I haven't gotten laid in forever. I'm obsessed. I imagine I this is how Ethopians feel about food.
Dude, TWO hot chicks on jeopardy tonight. gonna be a good one
Dude, I am so turned on right now. Hot chick with glasses from brooklyn is absolutely crushing right now, taking whole categories. might beat off to jeapordy...
do another line during during the commercial and make the magic happen during double jeopardy.
I don't know if this beer pong partnership can last if you refuse to look me in the eye when we make sweet sweet clutch cup at the same time.
We totally just fucked in a closet. These vacations with his family are causing creativity I never thought I had.
For some reason i am carrying prostate cancer brochures. i am nor used to drinking this early.
My lips are sealed. Both pairs.
... Already stepped in vomit and got a dirty look from a fat in a neck brace
I'm drinking Leinenkugel through a Red Vine. I'm not drunk. I'm just happy with my life so far.
I've reached the gravitational age where it's very hard to get my face and my boobs in the same shot without some kind of yoga involved .

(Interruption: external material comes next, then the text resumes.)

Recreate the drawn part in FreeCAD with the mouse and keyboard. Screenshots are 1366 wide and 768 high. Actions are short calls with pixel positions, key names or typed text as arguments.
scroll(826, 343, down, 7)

this is the first time i'm angry at someone with so much boobs. she like managed to break my glass and my phone with one glorious swing
Is it inappropriate to be Drs. Willy Fister and Jess Hewill as a couples costume for Halloween?
Oh we're gynecologists
Hypothetically speaking how does one remove a lamp that they hypothetically superglued to the ceiling?
Acetone nail polish remover, and you lied about studying last night didn't you?
Oh definitely.
Drunk me wants sober me to be happy, woke up with half a dozen doughnuts in my bed this morning.
How did i spend $200 last night?
Every time you went to get me a drink, you also came back with shots. Then you fell down the steps.
you scattered cereal all over the floor so you could "re-trace your steps and figure out what happened." 20 min later you yelled about the mess and let the dog in to clean it up. 5 min after that you screamed since the cereal was gone. you suspected me and locked me in the bathroom so i could "think about what i'd done"
and you bit everyone who tried to let me out. no more tequila for you. EVER.